MCP Tool Responses Are the Biggest Context Hog - How to Compress Them
MCP Tool Responses Are the Biggest Context Hog - How to Compress Them
You are halfway through a complex task with your AI agent and suddenly hit the context limit. You check the token usage and discover that 80% of your context window is filled with MCP tool responses you never even read.
This is the dirty secret of MCP-based workflows. Every tool call returns a full response that stays in the conversation context. A single accessibility tree traversal can return 50,000+ tokens of nested UI element descriptions. Three traversals and you have burned through most of a 200k context window on raw data.
Where the Tokens Go
The biggest offenders are tools that return structured data about the current state of something - accessibility trees, DOM snapshots, file listings, API responses with nested objects. Each one is useful for the agent to process, but the raw data does not need to persist in context after the agent has extracted what it needs.
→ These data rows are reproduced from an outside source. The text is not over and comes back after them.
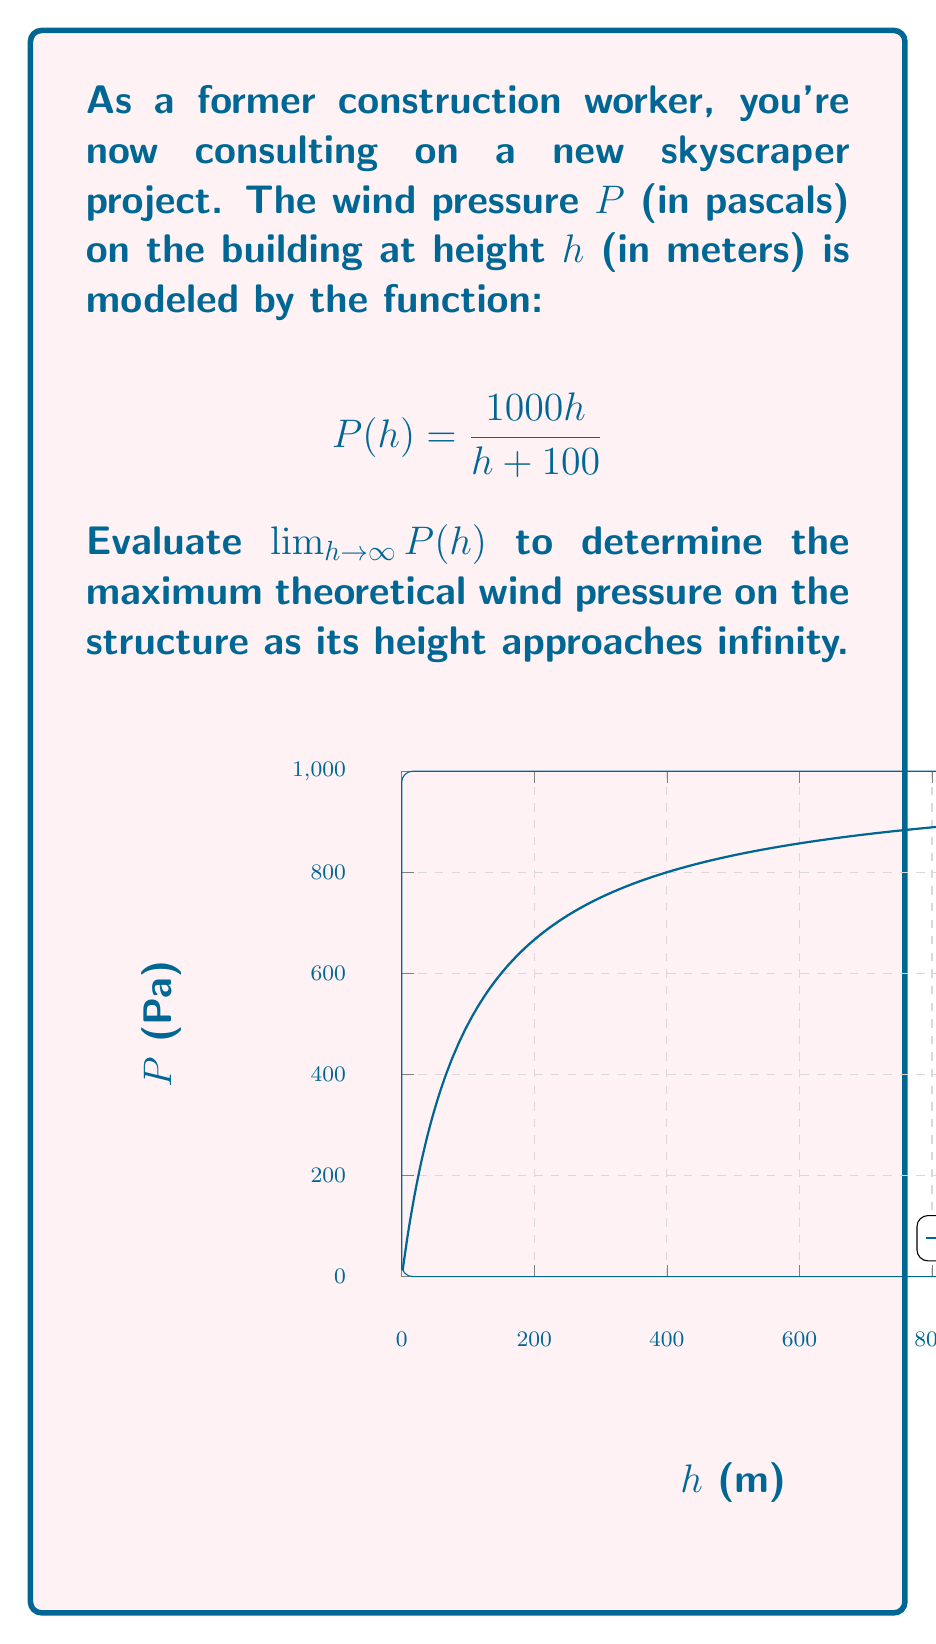What is the answer to this math problem? To evaluate this limit, we'll follow these steps:

1) First, let's examine the function:
   $$P(h) = \frac{1000h}{h + 100}$$

2) As $h$ approaches infinity, both the numerator and denominator grow without bound. This is an indeterminate form of type $\frac{\infty}{\infty}$.

3) To resolve this, we can divide both the numerator and denominator by $h$:

   $$\lim_{h \to \infty} P(h) = \lim_{h \to \infty} \frac{1000h}{h + 100} = \lim_{h \to \infty} \frac{1000h/h}{h/h + 100/h}$$

4) Simplify:
   $$= \lim_{h \to \infty} \frac{1000}{1 + 100/h}$$

5) As $h$ approaches infinity, $100/h$ approaches 0:
   $$= \frac{1000}{1 + 0} = 1000$$

Therefore, as the height approaches infinity, the wind pressure approaches 1000 pascals.
Answer: $1000$ Pa

A macOS accessibility tree for a moderately complex app window can easily be 20,000-50,000 tokens. Browser DOM snapshots are even worse. And these grow linearly with each interaction - every click triggers a new snapshot.
Compression Strategies
The most effective approach is filtering at the source. Instead of returning the entire accessibility tree, return only the elements that match a relevance filter. If the agent is looking for a button to click, it does not need every static text label on the screen.
Another approach is response compaction - summarizing MCP responses into structured data before they enter the conversation context. Instead of the full tree, store a list of actionable elements with their references.
You can also use output modes that skip embedding images and large binary data directly in the response. Saving screenshots to files instead of base64-encoding them into the conversation saves hundreds of thousands of tokens per session.
The Real Fix
The underlying problem is that MCP was designed for single-turn interactions, not long multi-step workflows. A proper solution would let the agent query past tool results without keeping them in the active context window. Until then, aggressive compression is the best defense.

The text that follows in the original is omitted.